Stored dataset items:
Start of Block
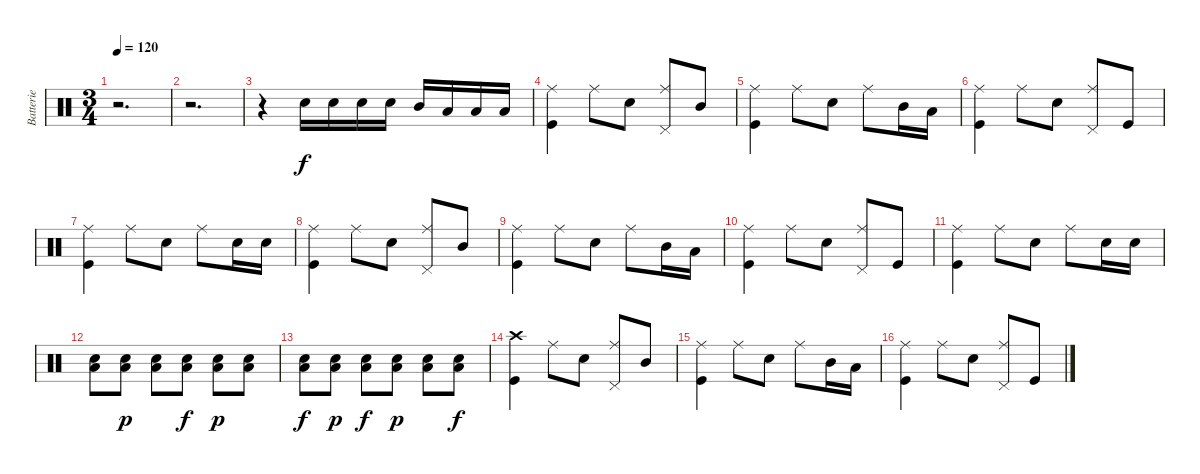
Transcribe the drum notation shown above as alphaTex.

\track ("Batterie" "Batterie") {instrument percussion}
\staff {score}
\articulation defaults
\ts (3 4)
\tempo 120
\clef neutral
\ks c
r.2{d dy f} |
r.2{d} |
r.4{volume 16} "Electric Snare (hit)".16 "Electric Snare (hit)".16 "Electric Snare (hit)".16 "Electric Snare (hit)".16 "Mid Tom (hit)".16 "Low Tom (hit)".16 "Low Floor Tom (hit)".16 "Low Floor Tom (hit)".16 |
("Ride (middle)" "Kick (hit)").4 "Ride (middle)".8 "Electric Snare (hit)".8 ("Ride (middle)" "Pedal Hi-Hat (hit)").8 "Mid Tom (hit)".8 |
("Ride (middle)" "Kick (hit)").4 "Ride (middle)".8 "Electric Snare (hit)".8 "Ride (middle)".8 "Mid Tom (hit)".16 "Low Floor Tom (hit)".16 |
("Ride (middle)" "Kick (hit)").4 "Ride (middle)".8 "Electric Snare (hit)".8 ("Ride (middle)" "Pedal Hi-Hat (hit)").8 "Kick (hit)".8 |
("Ride (middle)" "Kick (hit)").4 "Ride (middle)".8 "Electric Snare (hit)".8 "Ride (middle)".8 "Electric Snare (hit)".16 "Electric Snare (hit)".16 |
("Ride (middle)" "Kick (hit)").4 "Ride (middle)".8 "Electric Snare (hit)".8 ("Ride (middle)" "Pedal Hi-Hat (hit)").8 "Mid Tom (hit)".8 |
("Ride (middle)" "Kick (hit)").4 "Ride (middle)".8 "Electric Snare (hit)".8 "Ride (middle)".8 "Mid Tom (hit)".16 "Low Floor Tom (hit)".16 |
("Ride (middle)" "Kick (hit)").4 "Ride (middle)".8 "Electric Snare (hit)".8 ("Ride (middle)" "Pedal Hi-Hat (hit)").8 "Kick (hit)".8 |
("Ride (middle)" "Kick (hit)").4 "Ride (middle)".8 "Electric Snare (hit)".8 "Ride (middle)".8 "Electric Snare (hit)".16 "Electric Snare (hit)".16 |
("Electric Snare (hit)" "Low Floor Tom (hit)").8 ("Electric Snare (hit)" "Low Floor Tom (hit)").8{dy p} ("Electric Snare (hit)" "Low Floor Tom (hit)").8 ("Electric Snare (hit)" "Low Floor Tom (hit)").8{dy f} ("Electric Snare (hit)" "Low Floor Tom (hit)").8{dy p} ("Electric Snare (hit)" "Low Floor Tom (hit)").8 |
("Electric Snare (hit)" "Low Floor Tom (hit)").8{dy f} ("Electric Snare (hit)" "Low Floor Tom (hit)").8{dy p} ("Electric Snare (hit)" "Low Floor Tom (hit)").8{dy f} ("Electric Snare (hit)" "Low Floor Tom (hit)").8{dy p} ("Electric Snare (hit)" "Low Floor Tom (hit)").8 ("Electric Snare (hit)" "Low Floor Tom (hit)").8{dy f} |
("Crash high (hit)" "Kick (hit)").4 "Ride (middle)".8 "Electric Snare (hit)".8 ("Ride (middle)" "Pedal Hi-Hat (hit)").8 "Mid Tom (hit)".8 |
("Ride (middle)" "Kick (hit)").4 "Ride (middle)".8 "Electric Snare (hit)".8 "Ride (middle)".8 "Mid Tom (hit)".16 "Low Floor Tom (hit)".16 |
("Ride (middle)" "Kick (hit)").4 "Ride (middle)".8 "Electric Snare (hit)".8 ("Ride (middle)" "Pedal Hi-Hat (hit)").8 "Kick (hit)".8
End of Block
Any picture in the data is to be skipped, while each line is returned exactly as written.

Transcribe the drum notation shown above as alphaTex.

\track ("Batterie" "Batterie") {instrument percussion}
\staff {score}
\articulation defaults
\ts (3 4)
\tempo 120
\clef neutral
\ks c
r.2{d dy f} |
r.2{d} |
r.4{volume 16} "Electric Snare (hit)".16 "Electric Snare (hit)".16 "Electric Snare (hit)".16 "Electric Snare (hit)".16 "Mid Tom (hit)".16 "Low Tom (hit)".16 "Low Floor Tom (hit)".16 "Low Floor Tom (hit)".16 |
("Ride (middle)" "Kick (hit)").4 "Ride (middle)".8 "Electric Snare (hit)".8 ("Ride (middle)" "Pedal Hi-Hat (hit)").8 "Mid Tom (hit)".8 |
("Ride (middle)" "Kick (hit)").4 "Ride (middle)".8 "Electric Snare (hit)".8 "Ride (middle)".8 "Mid Tom (hit)".16 "Low Floor Tom (hit)".16 |
("Ride (middle)" "Kick (hit)").4 "Ride (middle)".8 "Electric Snare (hit)".8 ("Ride (middle)" "Pedal Hi-Hat (hit)").8 "Kick (hit)".8 |
("Ride (middle)" "Kick (hit)").4 "Ride (middle)".8 "Electric Snare (hit)".8 "Ride (middle)".8 "Electric Snare (hit)".16 "Electric Snare (hit)".16 |
("Ride (middle)" "Kick (hit)").4 "Ride (middle)".8 "Electric Snare (hit)".8 ("Ride (middle)" "Pedal Hi-Hat (hit)").8 "Mid Tom (hit)".8 |
("Ride (middle)" "Kick (hit)").4 "Ride (middle)".8 "Electric Snare (hit)".8 "Ride (middle)".8 "Mid Tom (hit)".16 "Low Floor Tom (hit)".16 |
("Ride (middle)" "Kick (hit)").4 "Ride (middle)".8 "Electric Snare (hit)".8 ("Ride (middle)" "Pedal Hi-Hat (hit)").8 "Kick (hit)".8 |
("Ride (middle)" "Kick (hit)").4 "Ride (middle)".8 "Electric Snare (hit)".8 "Ride (middle)".8 "Electric Snare (hit)".16 "Electric Snare (hit)".16 |
("Electric Snare (hit)" "Low Floor Tom (hit)").8 ("Electric Snare (hit)" "Low Floor Tom (hit)").8{dy p} ("Electric Snare (hit)" "Low Floor Tom (hit)").8 ("Electric Snare (hit)" "Low Floor Tom (hit)").8{dy f} ("Electric Snare (hit)" "Low Floor Tom (hit)").8{dy p} ("Electric Snare (hit)" "Low Floor Tom (hit)").8 |
("Electric Snare (hit)" "Low Floor Tom (hit)").8{dy f} ("Electric Snare (hit)" "Low Floor Tom (hit)").8{dy p} ("Electric Snare (hit)" "Low Floor Tom (hit)").8{dy f} ("Electric Snare (hit)" "Low Floor Tom (hit)").8{dy p} ("Electric Snare (hit)" "Low Floor Tom (hit)").8 ("Electric Snare (hit)" "Low Floor Tom (hit)").8{dy f} |
("Crash high (hit)" "Kick (hit)").4 "Ride (middle)".8 "Electric Snare (hit)".8 ("Ride (middle)" "Pedal Hi-Hat (hit)").8 "Mid Tom (hit)".8 |
("Ride (middle)" "Kick (hit)").4 "Ride (middle)".8 "Electric Snare (hit)".8 "Ride (middle)".8 "Mid Tom (hit)".16 "Low Floor Tom (hit)".16 |
("Ride (middle)" "Kick (hit)").4 "Ride (middle)".8 "Electric Snare (hit)".8 ("Ride (middle)" "Pedal Hi-Hat (hit)").8 "Kick (hit)".8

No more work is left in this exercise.